In Scala to achieve the same behaviour we would do:
def fibonacci(in: Int): Int = {
  in match {
    case n if n <= 0 => 0
    case 0 | 1 => 1
    case n => fibonacci(n - 1) + fibonacci(n- 2)
  }
}
Key points:
  • The return type of the recursive method fibonacci is an Int. Recursive methods must explictly specify the return type (see: Odersky - Programming in Scala - Chapter 2).
  • It is possible to test for multiple values on the one line using the | notation. I do this to return a 1 for both 0 and 1 on line 4 of the example.
  • There is no need for multiple return statements. In Java you must use multiple return statements or multiple break statements.
  • Pattern matching is an expression which always returns something.
  • In this example, I employ a guard to check for a negative number and if it a number is negative zero is returned.
  • In Scala it is also possible to check across different types. It is also possible to use the wildcard _ notation. We didn't use either in the fibonacci, but just to illustrate these features...
    def multitypes(in: Any): String = in match {
      case i:Int => "You are an int!"
      case "Alex" => "You must be Alex"
      case s:String => "I don't know who you are but I know you are a String"
      case _ => "I haven't a clue who you are"
    }
    
Pattern matching can be used with Scala Maps to useful effect.  Suppose we have a Map to capture who we think should be playing in each position of the Lions backline for the Lions series in Austrailia.  The keys of the map will be the position in the back line and the corresponding value will be the player who we think should be playing there.  To represent a Rugby player we use a case class. Now now you Java Heads, think of the case class as an immutable POJO written in extremely concise way - they can be mutable too but for now think immutable.
case class RugbyPlayer(name: String, country: String);
val robKearney = RugbyPlayer("Rob Kearney", "Ireland");
val georgeNorth = RugbyPlayer("George North", "Wales");
val brianODriscol = RugbyPlayer("Brian O'Driscol", "Ireland");
val jonnySexton = RugbyPlayer("Jonny Sexton", "Ireland");  
val benYoungs = RugbyPlayer("Ben Youngs", "England");
    
// build a map
val lionsPlayers = Map("FullBack" -> robKearney, "RightWing" -> georgeNorth, 
      "OutsideCentre" -> brianODriscol, "Outhalf" -> jonnySexton, "Scrumhalf" -> benYoungs);
    
// Note: Unlike Java HashMaps Scala Maps can return nulls. This achieved by returing
// an Option which can either be Some or None. 
    
// So, if we ask for something that exists in the Map like below
println(lionsPlayers.get("Outhalf"));  
// Outputs: Some(RugbyPlayer(Jonny Sexton,Ireland))
    
// If we ask for something that is not in the Map yet like below
println(lionsPlayers.get("InsideCentre"));
// Outputs: None
In this example we have players for every position except inside centre - which we can't make up our mind about.  Scala Maps are allowed to store nulls as values.  Now in our case we don't actually store a null for inside center. So, instead of null being returned for inside centre (as what would happen if we were using a Java HashMap), the type None is returned.
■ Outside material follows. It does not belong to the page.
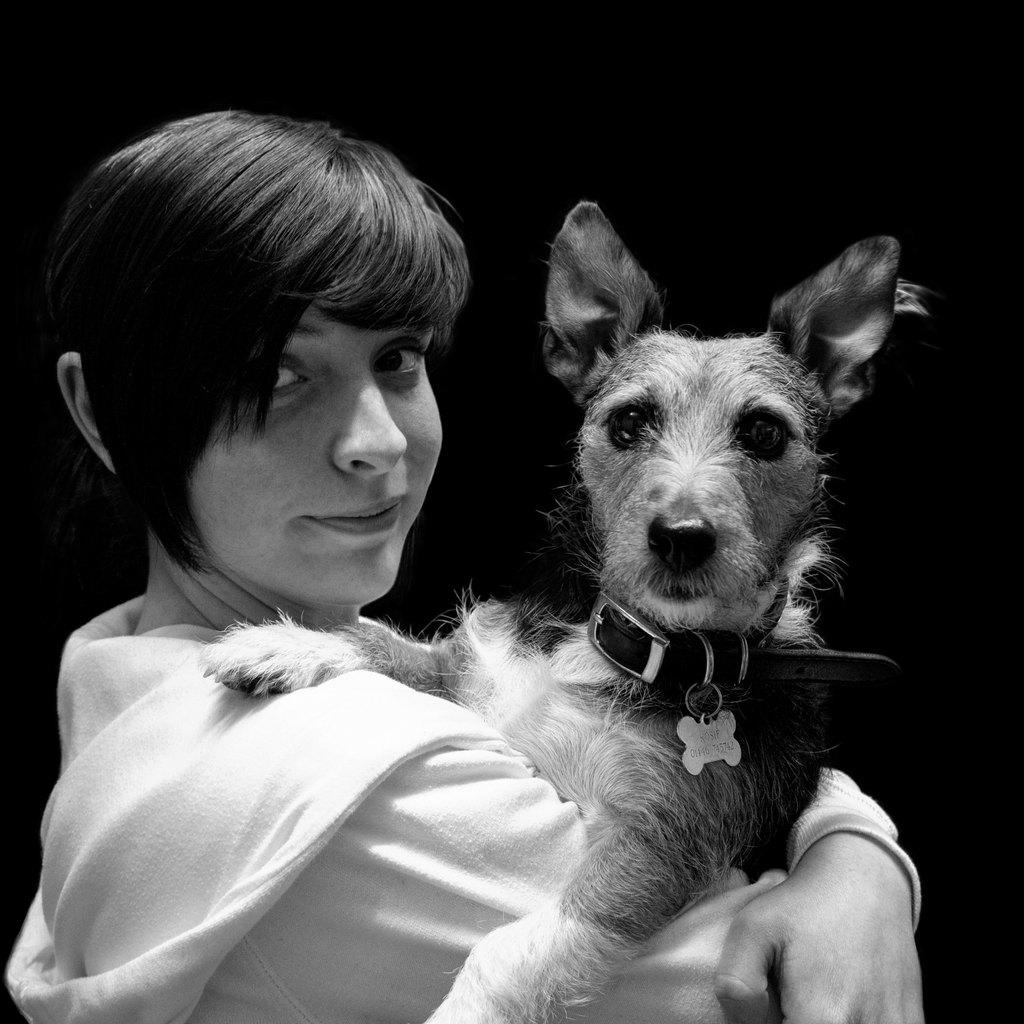What is the color scheme of the image? The image is black and white. Who is present in the image? There is a woman in the image. What is the woman holding in the image? The woman is holding a dog. What can be seen in the background of the image? The background of the image is black. What invention is the woman using to communicate with the dog in the image? There is no invention present in the image, and the woman is not using any device to communicate with the dog. 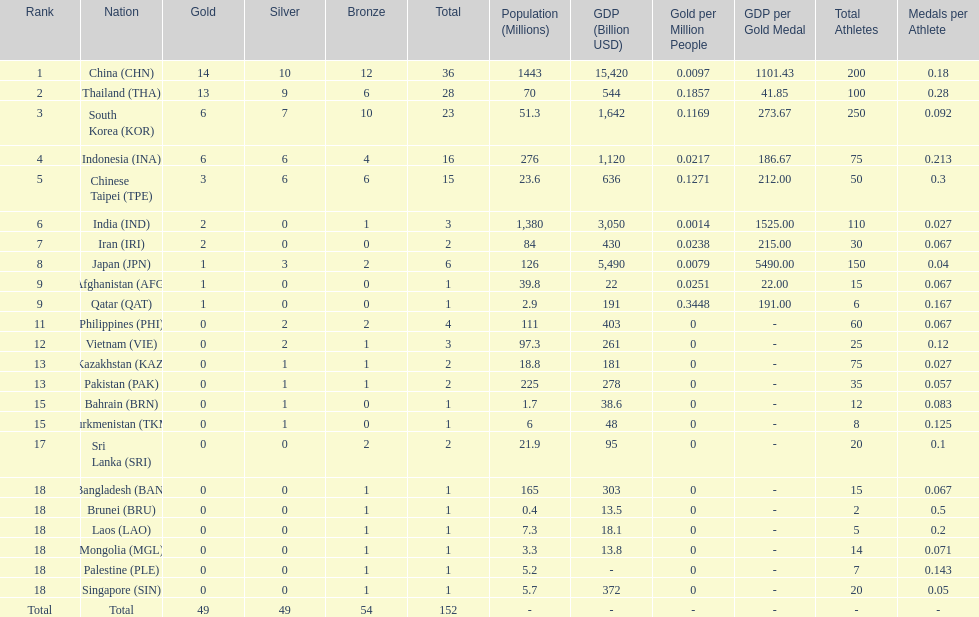How many nations received a medal in each gold, silver, and bronze? 6.

For the other positions in the back line, we have matching values and the type Some is returned which wraps around the corresponding RugbyPlayer. (Note: both Some and None extend from Option).

We can write a function which pattern matches on the returned value from the HashMap and returns us something a little more user friendly.
def show(x: Option[RugbyPlayer]) = x match {
  case Some(rugbyPlayerExt) => rugbyPlayerExt.name  // If a rugby player is matched return its name
  case None => "Not decided yet ?" // 
}
println(show(lionsPlayers.get("Outhalf")))  // outputs: Jonny Sexton
println(show(lionsPlayers.get("InsideCentre"))) // Outputs: Not decided yet
This example doesn't just illustrate pattern matching but another concept known as extraction. The rugby player when matched is extracted and assigned to the rugbyPlayerExt.  We can then return the value of the rugby player's name by getting it from rugbyPlayerExt.  In fact, we can also add a guard and change around some logic. Suppose we had a biased journalist (Stephen Jones) who didn't want any Irish players in the team. He could implement his own biased function to check for Irish players
def biasedShow(x: Option[RugbyPlayer]) = x match {
  case Some(rugbyPlayerExt) if rugbyPlayerExt.country == "Ireland" => 
     rugbyPlayerExt.name + ", don't pick him."
  case Some(rugbyPlayerExt) => rugbyPlayerExt.name
  case None => "Not decided yet ?"
}
println(biasedShow(lionsPlayers.get("Outhalf"))) // Outputs Jonny... don't pick him
println(biasedShow(lionsPlayers.get("Scrumhalf"))) // Outputs Ben Youngs

Pattern matching Collections

Scala also provides some powerful pattern matching features for Collections. Here's a trivial exampe for getting the length of a list.
def length[A](list : List[A]) : Int = list match {
  case _ :: tail => 1 + length(tail)
  case Nil => 0
}
And suppose we want to parse arguments from a tuple...
  def parseArgument(arg : String, value: Any) = (arg, value) match {
    case ("-l", lang) => setLanguage(lang)  
    case ("-o" | "--optim", n : Int) if ((0 < n) && (n <= 3)) => setOptimizationLevel(n)
    case ("-h" | "--help", null) => displayHelp()
    case bad => badArgument(bad)
  }

Single Parameter functions

Consider a list of numbers from 1 to 10. The filter method takes a single parameter function that returns true or false. The single parameter function can be applied for every element in the list and will return true or false for every element. The elements that return true will be filtered in; the elements that return false will be filtered out of the resultant list.
scala> val myList = List(1,2,3,4,5,6,7,8,9,10)
myList: List[Int] = List(1, 2, 3, 4, 5, 6, 7, 8, 9, 10)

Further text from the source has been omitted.